Qual è il “fine” ultimo, il “perché” della tua arte?

«Dipingo solo per espressione personale. Sono timida, riflessiva, sensibile. Quindi basta un non niente per scatenarmi delle emozioni. Mi “impressiono di me" quando mi ripiego su me stessa, mi impressiona quello che sono e a volte non riesco nemmeno a capire “chi” sono, o quante Anna ci sono in me.

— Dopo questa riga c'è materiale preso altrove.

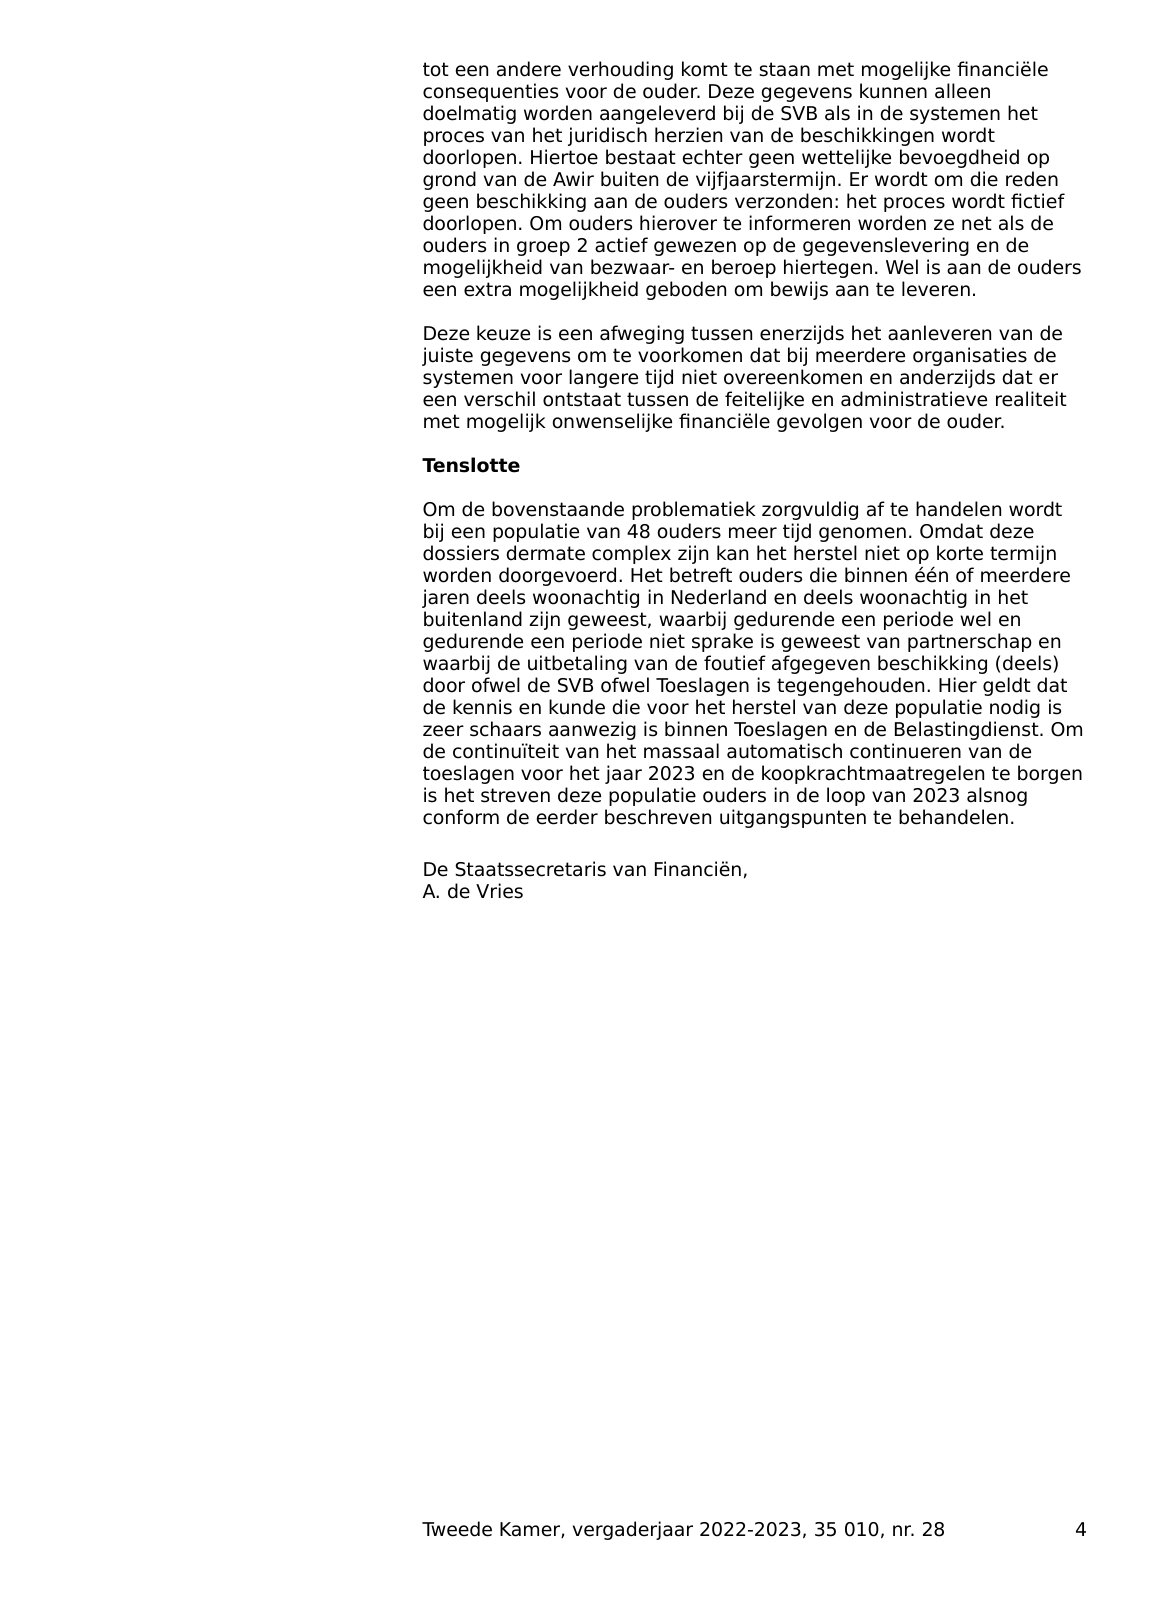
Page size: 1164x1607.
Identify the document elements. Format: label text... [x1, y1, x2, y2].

text tot een andere verhouding komt te staan met mogelijke financiële consequenties voor de ouder. Deze gegevens kunnen alleen doelmatig worden aangeleverd bij de SVB als in de systemen het proces van het juridisch herzien van de beschikkingen wordt doorlopen. Hiertoe bestaat echter geen wettelijke bevoegdheid op grond van de Awir buiten de vijfjaarstermijn. Er wordt om die reden geen beschikking aan de ouders verzonden: het proces wordt fictief doorlopen. Om ouders hierover te informeren worden ze net als de ouders in groep 2 actief gewezen op de gegevenslevering en de mogelijkheid van bezwaar- en beroep hiertegen. Wel is aan de ouders een extra mogelijkheid geboden om bewijs aan te leveren. [422, 59, 1087, 301]
text Deze keuze is een afweging tussen enerzijds het aanleveren van de juiste gegevens om te voorkomen dat bij meerdere organisaties de systemen voor langere tijd niet overeenkomen en anderzijds dat er een verschil ontstaat tussen de feitelijke en administratieve realiteit met mogelijk onwenselijke financiële gevolgen voor de ouder. [422, 323, 1087, 433]
text Om de bovenstaande problematiek zorgvuldig af te handelen wordt bij een populatie van 48 ouders meer tijd genomen. Omdat deze dossiers dermate complex zijn kan het herstel niet op korte termijn worden doorgevoerd. Het betreft ouders die binnen één of meerdere jaren deels woonachtig in Nederland en deels woonachtig in het buitenland zijn geweest, waarbij gedurende een periode wel en gedurende een periode niet sprake is geweest van partnerschap en waarbij de uitbetaling van de foutief afgegeven beschikking (deels) door ofwel de SVB ofwel Toeslagen is tegengehouden. Hier geldt dat de kennis en kunde die voor het herstel van deze populatie nodig is zeer schaars aanwezig is binnen Toeslagen en de Belastingdienst. Om de continuïteit van het massaal automatisch continueren van de toeslagen voor het jaar 2023 en de koopkrachtmaatregelen te borgen is het streven deze populatie ouders in de loop van 2023 alsnog conform de eerder beschreven uitgangspunten te behandelen. [422, 499, 1087, 829]
subtitle Tenslotte [422, 455, 1087, 477]
text De Staatssecretaris van Financiën, A. de Vries [422, 859, 1087, 903]

Per cui la pittura è un modo per analizzarmi, capirmi e cercare la mia parte migliore forse, la parte più serena.»

Da cosa o da chi hai tratto maggiormente ispirazione nelle tue espressioni artistiche?

«Qualsiasi soggetto/oggetto è un pretesto. Però la natura è quello che mi dà maggiormente ispirazione e voglia di bellezza. E questa bellezza è qualcosa che io devo ricercare, forse perché in me non riesco a trovare sempre la serenità giusta. Però attraverso la natura (il cielo, l’erba, le nostre campagne meravigliose, gli alberi di ulivo, che consacro sempre), in tutte le stagioni, ritrovo una bellezza unica.»

Anna Rumak, Campagna salentina con ulivo e agavi, olio su tela, 50 x 60

Anna Rumak, Fiera di San Giorgio, olio su tela, 90 x 120

L’arte è anche ricerca ed esplorazione, un “wandering” fuori e dentro di sé. Quale ritieni sia stata la scoperta più significativa che hai fatto attraverso l’arte, su di te o sulla realtà intorno a te?

«La mia tecnica, che dopo parecchi anni si è evoluta nel puntinismo (una tecnica difficile, dispendiosa, lunga) è come un’esplorazione della mia vita. Attimo dopo attimo, ora dopo ora, giorno dopo giorno. E così come i miei puntini creano un qualcosa, una visione sulla tela, così gli attimi che si susseguono, con tutti i colori dei dolori, delle passioni e di altri sentimenti, creano per me la magia della vita. Attimo dopo attimo, vivo serenamente questa realtà. Il mio modo di dipingere mi ha dato questo: la serenità di godermi giorno dopo giorno.»